Challenges for Evaluating AI and Practical Implications
Artificial intelligence (AI) promises to transform clinical decision-making processes as it has the potential to harness the vast amounts of genomic, biomarker, and phenotype data that is being generated across the health system including from health records and delivery systems, to improve the safety and quality of care decisions.
Technological developments are outpacing our ability to predict the effects of AI on the practice of medicine, the care received by patients, and the impact on their life. In the immediate future, we can expect AI to support clinical decisions with humans in the decision loop.
A recent paper by Associate Professor Magrabi along with other members from the International Medical Informatics Association (IMIA) Working Group on Technology Assessment & Quality Development in Health Informatics and the European Federation for Medical Informatics (EFMI) Working Group for Assessment of Health Information Systems share their insights on the application of Artificial Intelligence in Clinical Decision Support.
This paper draws attention to:
- key considerations for evaluating artificial intelligence (AI) enabled clinical decision support;
- challenges and practical implications of AI design, development, selection, use, and ongoing surveillance.
A narrative review of existing research and evaluation approaches along with expert perspectives drawn from the IMIA Working Group on Technology Assessment and Quality Development in Health Informatics and the EFMI Working Group for Assessment of Health Information Systems.
There is a rich history and tradition of evaluating AI in healthcare.
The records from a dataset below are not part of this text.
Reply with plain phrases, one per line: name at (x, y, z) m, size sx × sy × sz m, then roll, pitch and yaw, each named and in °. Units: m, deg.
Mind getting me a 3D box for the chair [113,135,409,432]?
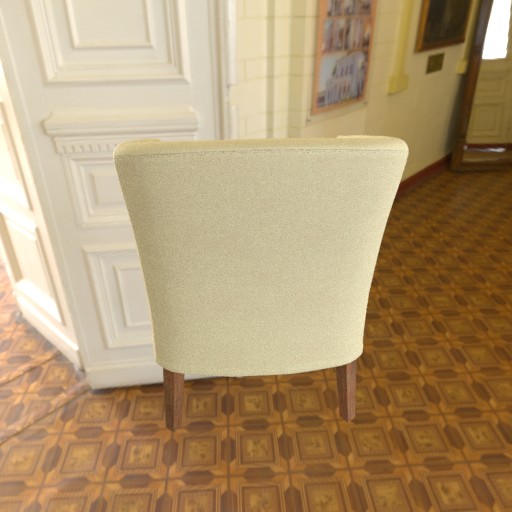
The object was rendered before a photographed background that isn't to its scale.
chair at (0.000, 0.000, 1.261) m, size 0.643 × 0.822 × 0.657 m, roll -2°, pitch 30°, yaw -3°
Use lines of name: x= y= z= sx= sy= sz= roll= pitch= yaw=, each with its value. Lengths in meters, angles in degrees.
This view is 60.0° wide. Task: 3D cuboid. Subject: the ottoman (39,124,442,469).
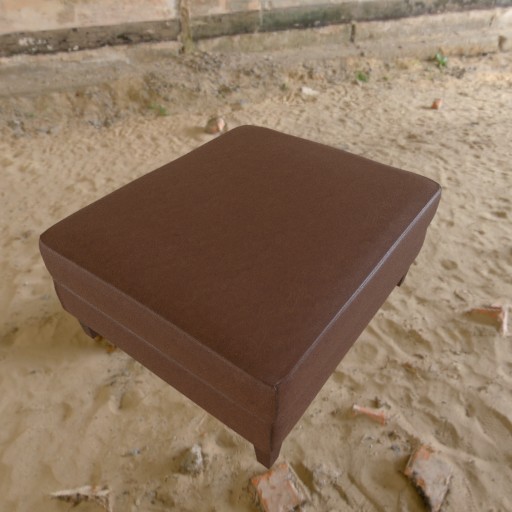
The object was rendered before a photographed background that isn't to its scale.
ottoman: x=0.000 y=0.000 z=1.443 sx=0.836 sy=0.472 sz=0.987 roll=25 pitch=46 yaw=27
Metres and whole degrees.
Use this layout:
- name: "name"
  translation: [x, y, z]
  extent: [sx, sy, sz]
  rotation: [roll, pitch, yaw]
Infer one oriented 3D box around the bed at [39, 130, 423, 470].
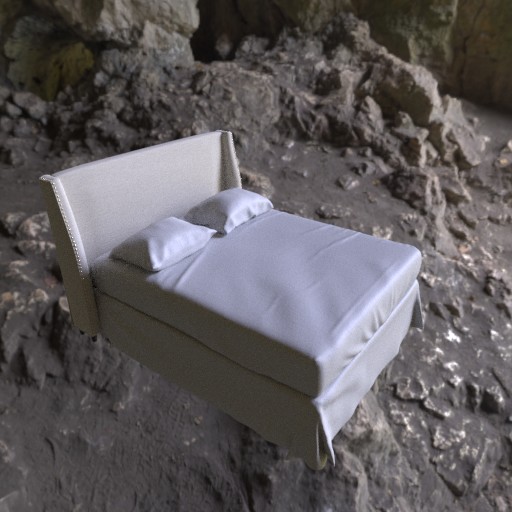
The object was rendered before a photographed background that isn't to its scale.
- name: "bed"
  translation: [0.000, 0.000, 3.361]
  extent: [2.276, 1.332, 1.925]
  rotation: [19, 33, 32]
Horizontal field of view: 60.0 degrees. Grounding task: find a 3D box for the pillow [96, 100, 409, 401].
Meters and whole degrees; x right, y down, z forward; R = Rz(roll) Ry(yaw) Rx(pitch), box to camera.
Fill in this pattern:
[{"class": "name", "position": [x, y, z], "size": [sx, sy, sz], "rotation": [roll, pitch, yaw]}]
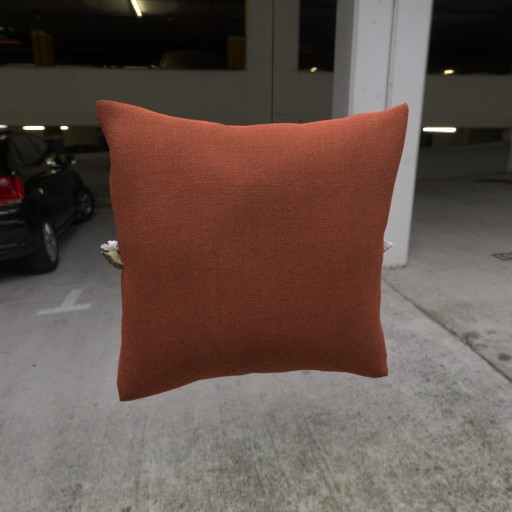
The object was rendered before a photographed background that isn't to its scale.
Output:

While evaluators can learn from past efforts, and build on best practice evaluation frameworks and methodologies, questions remain about how to evaluate the safety and effectiveness of AI that dynamically harness vast amounts of genomic, biomarker, phenotype, electronic record, and care delivery data from across health systems. This paper first provides a historical perspective about the evaluation of AI in healthcare. It then examines key challenges of evaluating AI-enabled clinical decision support during design, development, selection, use, and ongoing surveillance. Practical aspects of evaluating AI in healthcare, including approaches to evaluation and indicators to monitor AI are also discussed.
Commitment to rigorous initial and ongoing evaluation will be critical to ensuring the safe and effective integration of AI in complex sociotechnical settings. Specific enhancements that are required for the new generation of AI-enabled clinical decision support will emerge through practical application.
Associate Professor Farah Magrabi leads the Safety and Quality of Digital Health Systems Research Stream of the CRE in Digital Health. She is Co-chair of the IMIA Working Group on Technology Assessment & Quality Development in Health Informatics; and Co-chair of the Australian Alliance for Artificial Intelligence in Health (AAAiH)’s working group on Safety, Quality and Ethics.